▶ Aim of the exercise
Type out the lines below exactly, from the first through the line holding "Answer: Texas has", and include no pictures.

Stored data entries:
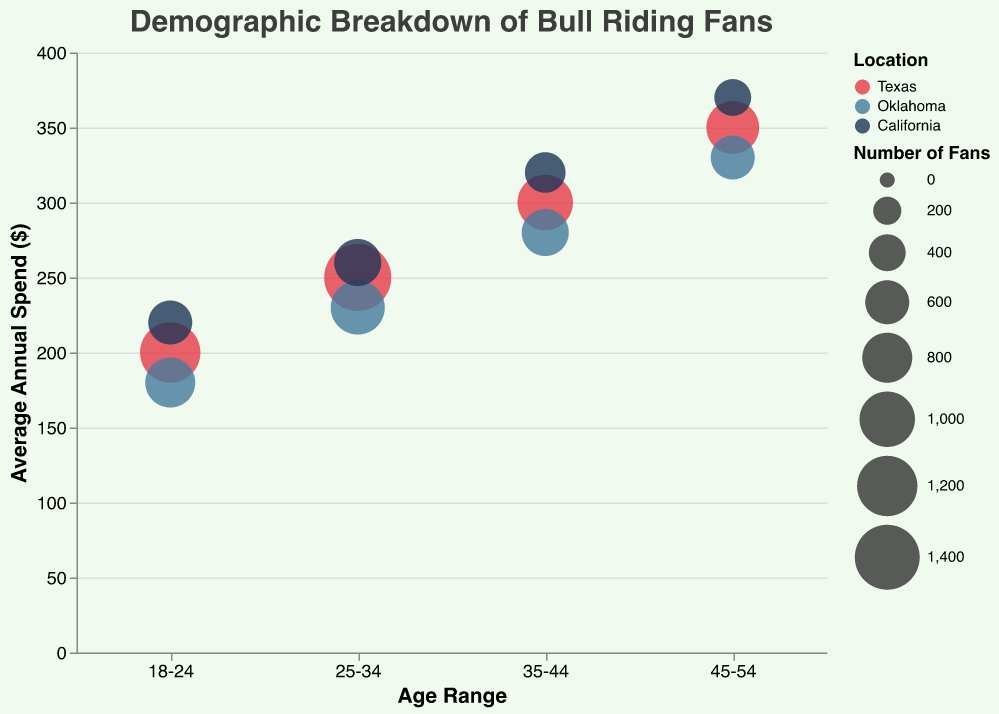What age range spends the least on average annually on bull riding? The bubble chart shows the annual spending on the y-axis, so we can look for the age range with the lowest position on the y-axis. The "18-24" age range has the lowest average annual spend, around $200.
Answer: 18-24 Which location has the highest number of fans in the 25-34 age range? By looking for the largest bubble size within the "25-34" age range, we can determine the number of fans. The largest bubble is for Texas.
Answer: Texas What is the average annual spend for 35-44-year-olds in California? Locate the "35-44" age range on the x-axis and find the bubble that corresponds to California. The y-axis value indicates the average annual spend. The value is approximately $320.
Answer: $320 How does the number of fans aged 45-54 in Oklahoma compare to those in Texas? Look at the bubble sizes for the "45-54" age range for both Oklahoma and Texas. The size for Texas is larger than for Oklahoma, indicating more fans in Texas.
Answer: Texas has more fans Which age range and location combination has the highest average annual spend? Find the highest point on the y-axis. The bubble at the highest position is in the "45-54" age range for California.
Answer: 45-54 in California For age range 25-34, which location has the smallest number of fans? In the "25-34" age range, compare the bubble sizes; the smallest bubble is for California.
Answer: California Does the average annual spend increase or decrease with age in Texas? Observing the y-axis positions of the bubbles for Texas, we see a trend of increasing average annual spend with age: $200 for 18-24, $250 for 25-34, $300 for 35-44, and $350 for 45-54.
Answer: Increase What is the difference in the number of fans between the 18-24 and 35-44 age ranges in Oklahoma? Identify the bubble sizes for Oklahoma in the 18-24 and 35-44 age ranges, then calculate the difference: 800 (18-24) - 700 (35-44) = 100.
Answer: 100 How many total data points are there in the figure? Each combination of age range and location results in one data point. With 4 age ranges and 3 locations, the total is 4 * 3 = 12.
Answer: 12 What is the relationship between the number of fans and the average annual spend across all age ranges in Texas? Comparing bubble sizes (number of fans) and their vertical positions (average annual spend) for Texas, generally, more fans (larger bubbles) are associated with lower average spend (lower y-axis values).
Answer: Inversely related 
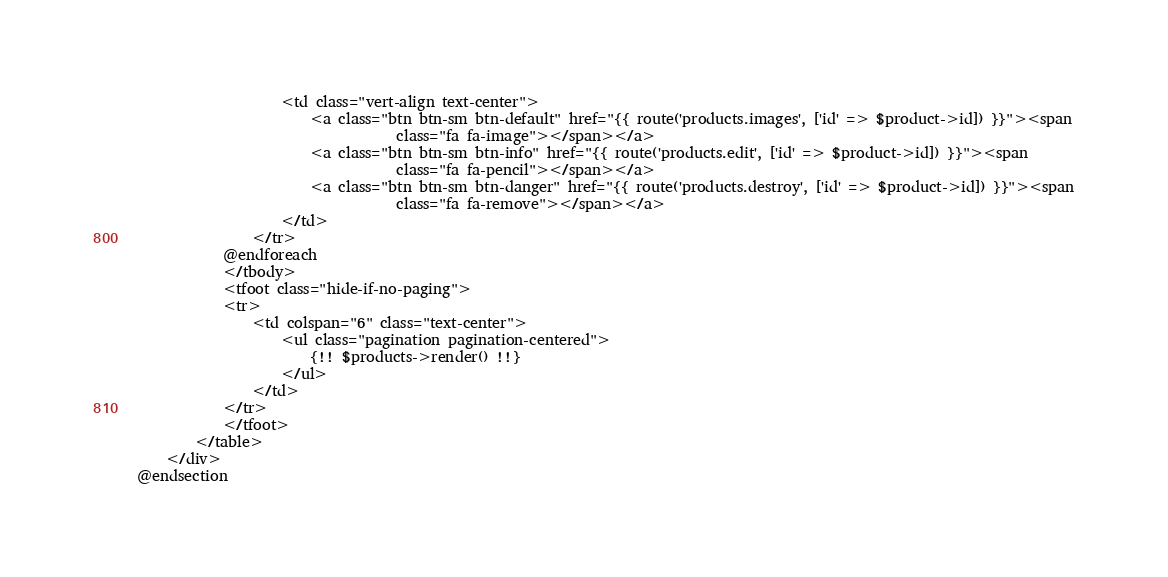Convert code to text. <code><loc_0><loc_0><loc_500><loc_500><_PHP_>                    <td class="vert-align text-center">
                        <a class="btn btn-sm btn-default" href="{{ route('products.images', ['id' => $product->id]) }}"><span
                                    class="fa fa-image"></span></a>
                        <a class="btn btn-sm btn-info" href="{{ route('products.edit', ['id' => $product->id]) }}"><span
                                    class="fa fa-pencil"></span></a>
                        <a class="btn btn-sm btn-danger" href="{{ route('products.destroy', ['id' => $product->id]) }}"><span
                                    class="fa fa-remove"></span></a>
                    </td>
                </tr>
            @endforeach
            </tbody>
            <tfoot class="hide-if-no-paging">
            <tr>
                <td colspan="6" class="text-center">
                    <ul class="pagination pagination-centered">
                        {!! $products->render() !!}
                    </ul>
                </td>
            </tr>
            </tfoot>
        </table>
    </div>
@endsection</code> 
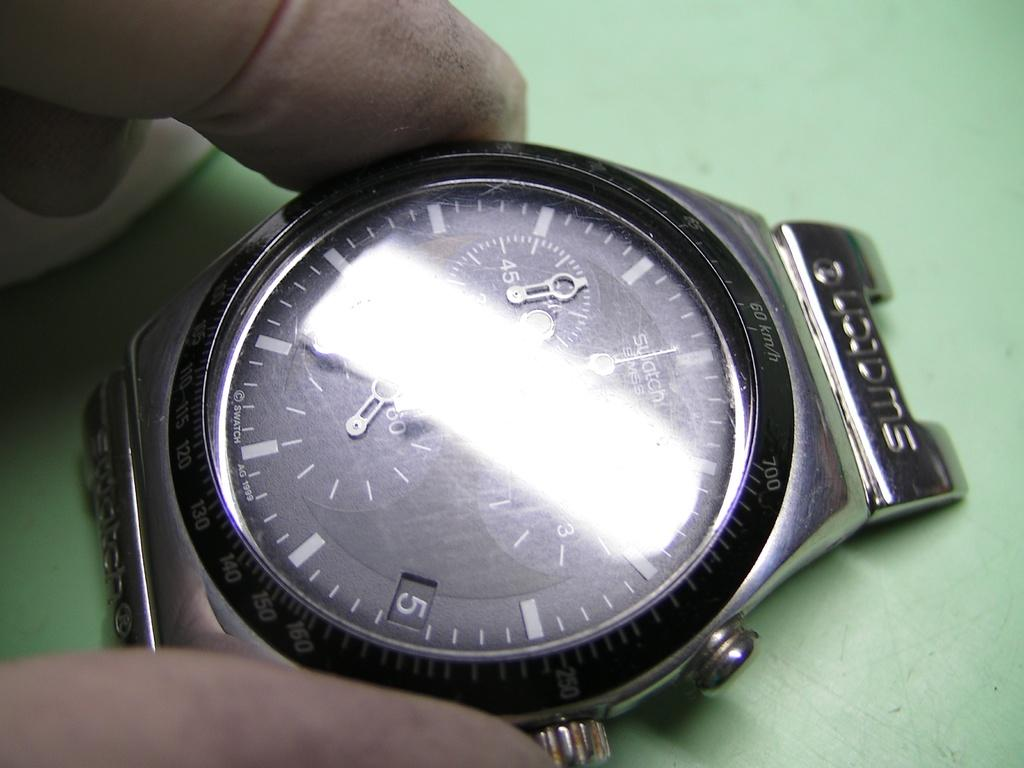<image>
Summarize the visual content of the image. A watch shows the words "swatch swiss" on the face.

▶ Task result
What age range spends the least on average annually on bull riding? The bubble chart shows the annual spending on the y-axis, so we can look for the age range with the lowest position on the y-axis. The "18-24" age range has the lowest average annual spend, around $200.
Answer: 18-24 Which location has the highest number of fans in the 25-34 age range? By looking for the largest bubble size within the "25-34" age range, we can determine the number of fans. The largest bubble is for Texas.
Answer: Texas What is the average annual spend for 35-44-year-olds in California? Locate the "35-44" age range on the x-axis and find the bubble that corresponds to California. The y-axis value indicates the average annual spend. The value is approximately $320.
Answer: $320 How does the number of fans aged 45-54 in Oklahoma compare to those in Texas? Look at the bubble sizes for the "45-54" age range for both Oklahoma and Texas. The size for Texas is larger than for Oklahoma, indicating more fans in Texas.
Answer: Texas has more fans Which age range and location combination has the highest average annual spend? Find the highest point on the y-axis. The bubble at the highest position is in the "45-54" age range for California.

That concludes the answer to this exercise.